Only said JPEG image is stored in disk and sent in response to a request of the system to which the ALPR (1) is connected. The two IR images and the viewable image (the original ones) are immediately deleted. These images will exist physically in the PC's memory for only a couple of fractions of second. Therefore, it will not be possible, afterwards, to identify the occupants from this front image.
The images captured by the two cameras operating in the infra-red spectrum (IR1 (8) and IR2 (9)) are processed by the LPR (11) module in order to recognize the rear and front car license plates. From these two photographs is extracted the specific part of the license plate, the said photographs being then associated to the image captured by the camera in the visible spectrum V (10) using the composition module (12). From the resulting photograph, and after the headers (18) have been associated, a JPEG-format photograph is generated to be sent through the technological infrastructure, which is comprised of the LMS (5) and TPMS (6) systems, and this in the case of an ALPR system (1) being integrated in the toll payment system.
The camera of the front module (15) is connected to one of the video acquisition card channels by a coaxial cable.
The rear module (14) is similar to the front module (15) described in the above paragraph.
The photos' acquisition is physically carried out in the same computer as the LMS (5) and these photographs will be used as an evidence of toll's non-payment.
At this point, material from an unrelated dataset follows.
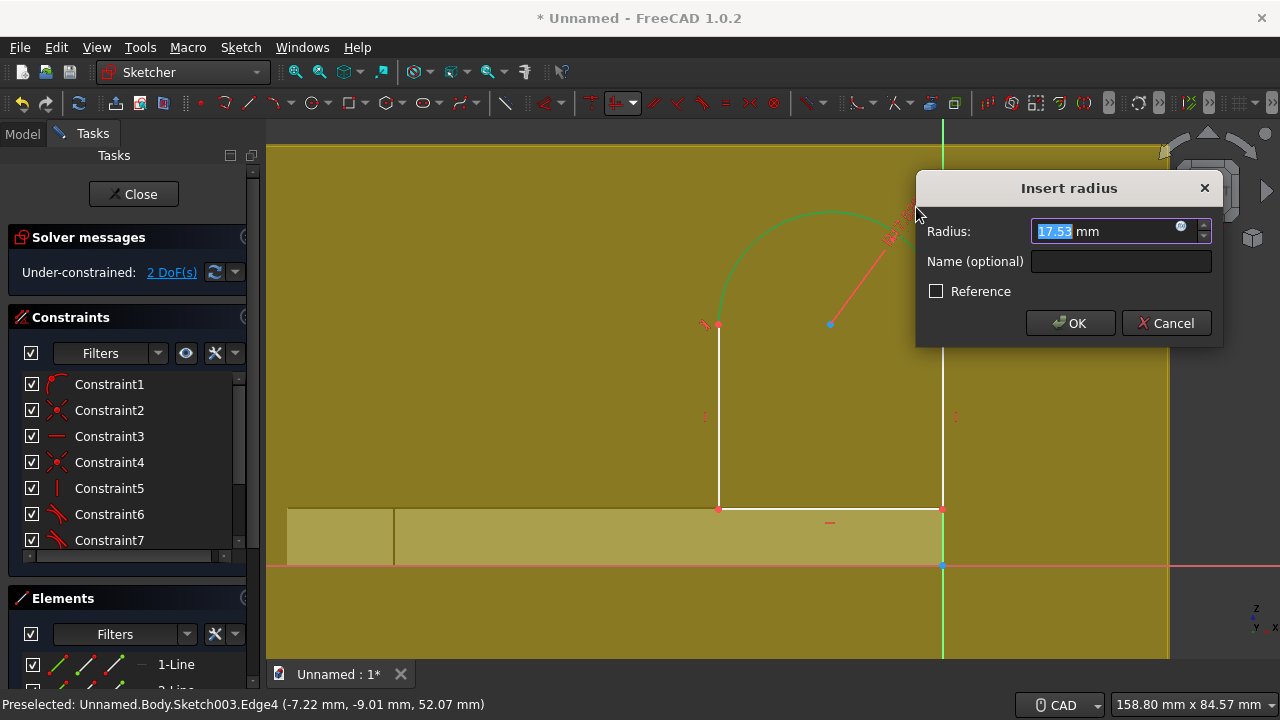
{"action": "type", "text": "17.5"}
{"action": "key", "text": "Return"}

As previously mentioned, the ALPR system (1) may be integrated into other systems requiring an automatic recognition of vehicles' license plates. This being an autonomous system, its security and the documents' security must be assessed in each specific context.
Proposed Security Model
The objective of defining a security model for the photographs, and the respective metainformation as generated by an ALPR system (1) is to establish a legal framework as regards the collection monitoring data being produced by these systems. Thus, it is considered a critical goal that the evidence produced by an ALPR system (1), i.e. photographs of the rear side of vehicles, can be used as an evidence within the scope of court settlement of potential disputes. The latter may be related to the toll's payment when arising from an undue passage in a Via Verde's lane, or to any other situation where the photograph that has been generated by an ALPR system (1) is used as evidence in disputes to be legally settled.
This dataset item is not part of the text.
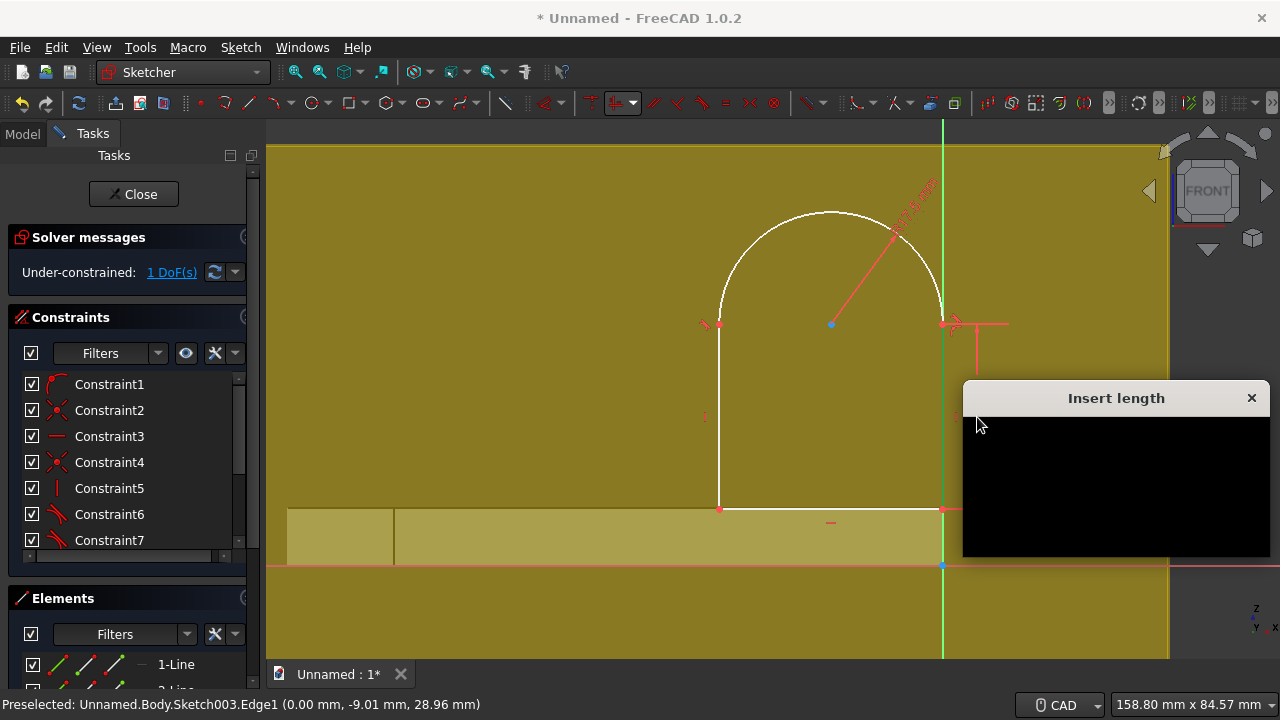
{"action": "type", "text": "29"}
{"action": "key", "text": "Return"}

The security model considers two main scenarios:
In the first one, the ALPR system (1) is integrated into a private and secure network and, in this case, the authentication of the generated photographs is required only when they are redirected by the source entity to the legal sphere, in order to be used as documentary evidence.
The other one relates to the use of an ALPR system (1), this being interconnected to a communication infrastructure where the security (privacy, integrity and authentication) of the exchanged data is not guaranteed.
Security Requirements and Risks
It is a primary objective of this security model to define the risks when assessing the idoneity of photographs generated by an ALPR system (1). It is intended that, by means of a specialized application, an indication is provided in respect of the authenticity of a photograph which has been produced by an ALPR system (1). Ultimately, a Court shall have the possibility of checking a photograph generated in an ALPR system (1) and if the information contained therein has been changed in any way, this must be duly pointed out. Furthermore, there must be an evidence of idoneity as regards the photograph whenever a court's application decides for its validation.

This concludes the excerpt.